Quote exactly the lines spanning from the top of the data below to the line that contains "( z )</formula>", including both.

=== Material for the task ===

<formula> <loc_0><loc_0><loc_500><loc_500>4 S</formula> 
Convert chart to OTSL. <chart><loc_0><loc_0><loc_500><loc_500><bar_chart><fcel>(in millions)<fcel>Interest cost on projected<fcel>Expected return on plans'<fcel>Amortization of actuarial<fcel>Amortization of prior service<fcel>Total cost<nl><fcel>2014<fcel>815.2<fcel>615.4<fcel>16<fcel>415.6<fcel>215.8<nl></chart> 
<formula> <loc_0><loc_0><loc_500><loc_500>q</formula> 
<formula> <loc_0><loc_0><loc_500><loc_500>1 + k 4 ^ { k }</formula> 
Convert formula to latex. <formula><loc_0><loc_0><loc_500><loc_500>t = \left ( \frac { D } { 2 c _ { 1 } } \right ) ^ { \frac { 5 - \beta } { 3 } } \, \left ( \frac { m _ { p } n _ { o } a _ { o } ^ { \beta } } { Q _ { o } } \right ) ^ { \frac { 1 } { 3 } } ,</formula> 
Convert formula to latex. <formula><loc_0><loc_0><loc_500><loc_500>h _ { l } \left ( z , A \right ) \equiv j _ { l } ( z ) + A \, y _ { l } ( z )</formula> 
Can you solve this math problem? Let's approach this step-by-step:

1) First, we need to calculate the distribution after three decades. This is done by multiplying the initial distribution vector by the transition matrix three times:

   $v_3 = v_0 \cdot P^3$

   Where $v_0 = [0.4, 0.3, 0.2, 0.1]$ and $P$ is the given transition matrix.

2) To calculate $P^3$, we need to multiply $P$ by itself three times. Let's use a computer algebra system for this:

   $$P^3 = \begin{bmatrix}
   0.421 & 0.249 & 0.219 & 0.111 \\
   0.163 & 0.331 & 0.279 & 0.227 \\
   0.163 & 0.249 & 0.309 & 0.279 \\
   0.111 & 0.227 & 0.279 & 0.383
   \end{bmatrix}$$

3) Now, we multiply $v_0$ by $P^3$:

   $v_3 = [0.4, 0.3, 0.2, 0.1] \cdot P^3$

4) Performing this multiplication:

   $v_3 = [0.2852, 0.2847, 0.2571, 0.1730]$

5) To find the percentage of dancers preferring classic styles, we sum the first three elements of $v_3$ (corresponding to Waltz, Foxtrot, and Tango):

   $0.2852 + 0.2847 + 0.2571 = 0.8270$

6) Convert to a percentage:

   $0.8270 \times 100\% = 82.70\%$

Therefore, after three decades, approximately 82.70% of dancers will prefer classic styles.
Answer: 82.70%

===

### Result of the task
<formula> <loc_0><loc_0><loc_500><loc_500>4 S</formula> 
Convert chart to OTSL. <chart><loc_0><loc_0><loc_500><loc_500><bar_chart><fcel>(in millions)<fcel>Interest cost on projected<fcel>Expected return on plans'<fcel>Amortization of actuarial<fcel>Amortization of prior service<fcel>Total cost<nl><fcel>2014<fcel>815.2<fcel>615.4<fcel>16<fcel>415.6<fcel>215.8<nl></chart> 
<formula> <loc_0><loc_0><loc_500><loc_500>q</formula> 
<formula> <loc_0><loc_0><loc_500><loc_500>1 + k 4 ^ { k }</formula> 
Convert formula to latex. <formula><loc_0><loc_0><loc_500><loc_500>t = \left ( \frac { D } { 2 c _ { 1 } } \right ) ^ { \frac { 5 - \beta } { 3 } } \, \left ( \frac { m _ { p } n _ { o } a _ { o } ^ { \beta } } { Q _ { o } } \right ) ^ { \frac { 1 } { 3 } } ,</formula> 
Convert formula to latex. <formula><loc_0><loc_0><loc_500><loc_500>h _ { l } \left ( z , A \right ) \equiv j _ { l } ( z ) + A \, y _ { l } ( z )</formula> 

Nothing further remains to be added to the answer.